Stadtrat Frank Frey bekam die vergünstigten Bustickets an den Einkaufsamstagen vor Weihnachten einstimmig genehmigt. Mit einem Einzelticket kann man an den Adventsamstagen den ganzen Tag die Stadtwerkebusse benützen. Da zahlt es sich aus, das Auto stehen zu lassen und sich mit den Öffis auf den Weg ins Weihnachtstreiben zu machen. Die Stadt rechnet dafür mit Kosten von rund 15.000 Euro.

Stadtrat Frank Frey berichtete auch über die bereits vorgenehmigte Vorgangsweise im Zusammenhang mit der Gesellschaftereinlage der Stadt bei den Stadtwerken. Diese soll von 1,5 Millionen Euro im Jahr 2015 bis 2019 schrittweise auf Null herabgesetzt werden.

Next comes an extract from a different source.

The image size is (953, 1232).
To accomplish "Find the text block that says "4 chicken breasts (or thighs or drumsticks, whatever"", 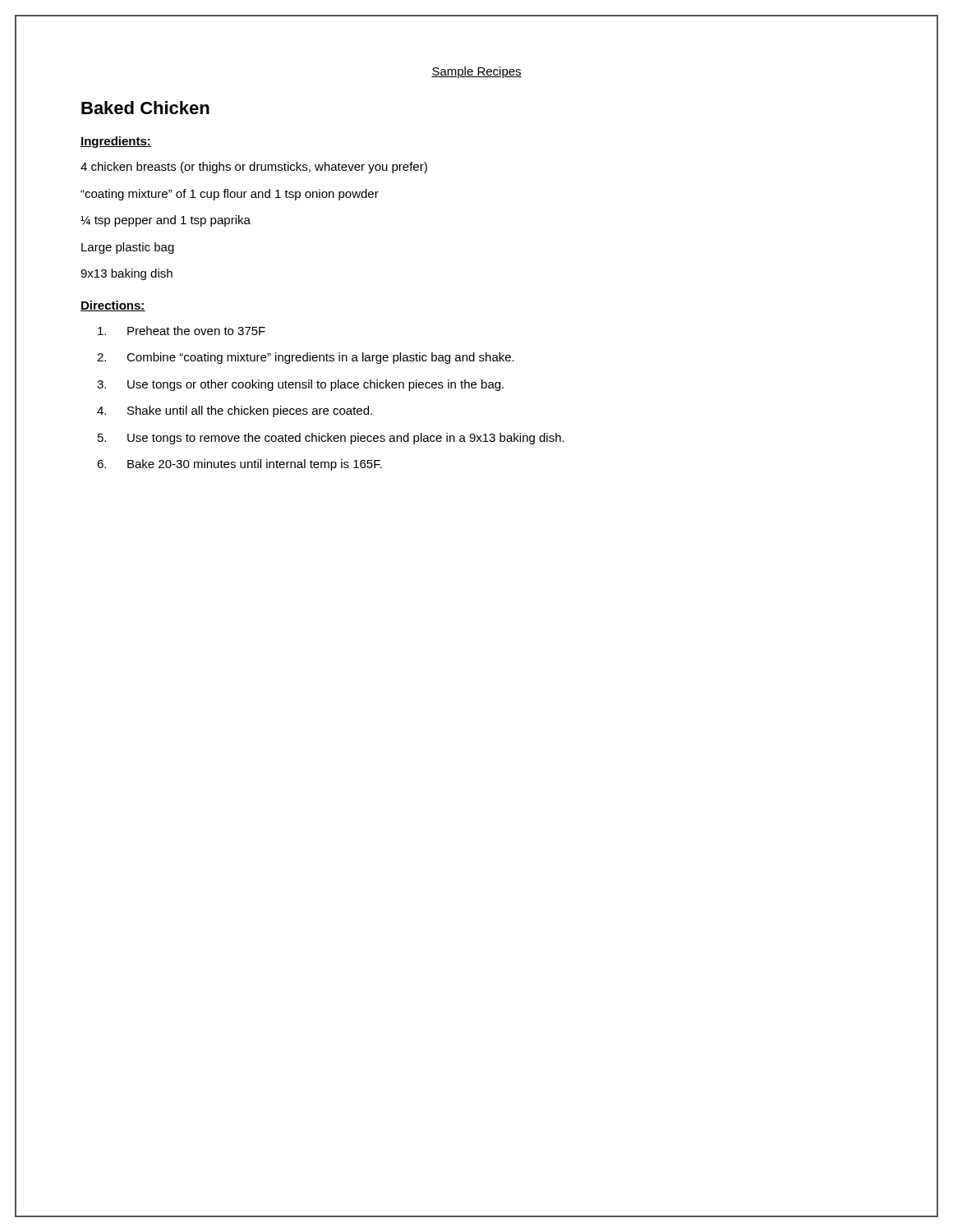I will tap(254, 166).

Bei den Tagesordnungspunkten von Bürgermeisterin  Dr. Maria-Luise Mathiaschitz wurden wieder Beschlüsse für den Reformkurs der Stadt gefasst. So wird die Nachttaxi-Aktion mit Beginn 2016 eingestellt. Diese wurde ja schon 2010 auf einen Beitrag von 5 Euro pro Fahrt begrenzt. Inzwischen sind Nachtbuslinien dazu gekommen und die Taxiaktion wurde nicht mehr so gut angenommen. Die Stadt wird sich durch die Einstellung rund 17.500 Euro ersparen, noch nicht mitgerechnet sind dabei die Personalkosten und die Ausgaben für den Neudruck der Bons. Der Senat sprach sich mehrheitlich für diese Einstellung aus, dagegen stimmten die beiden FP-Vertreter.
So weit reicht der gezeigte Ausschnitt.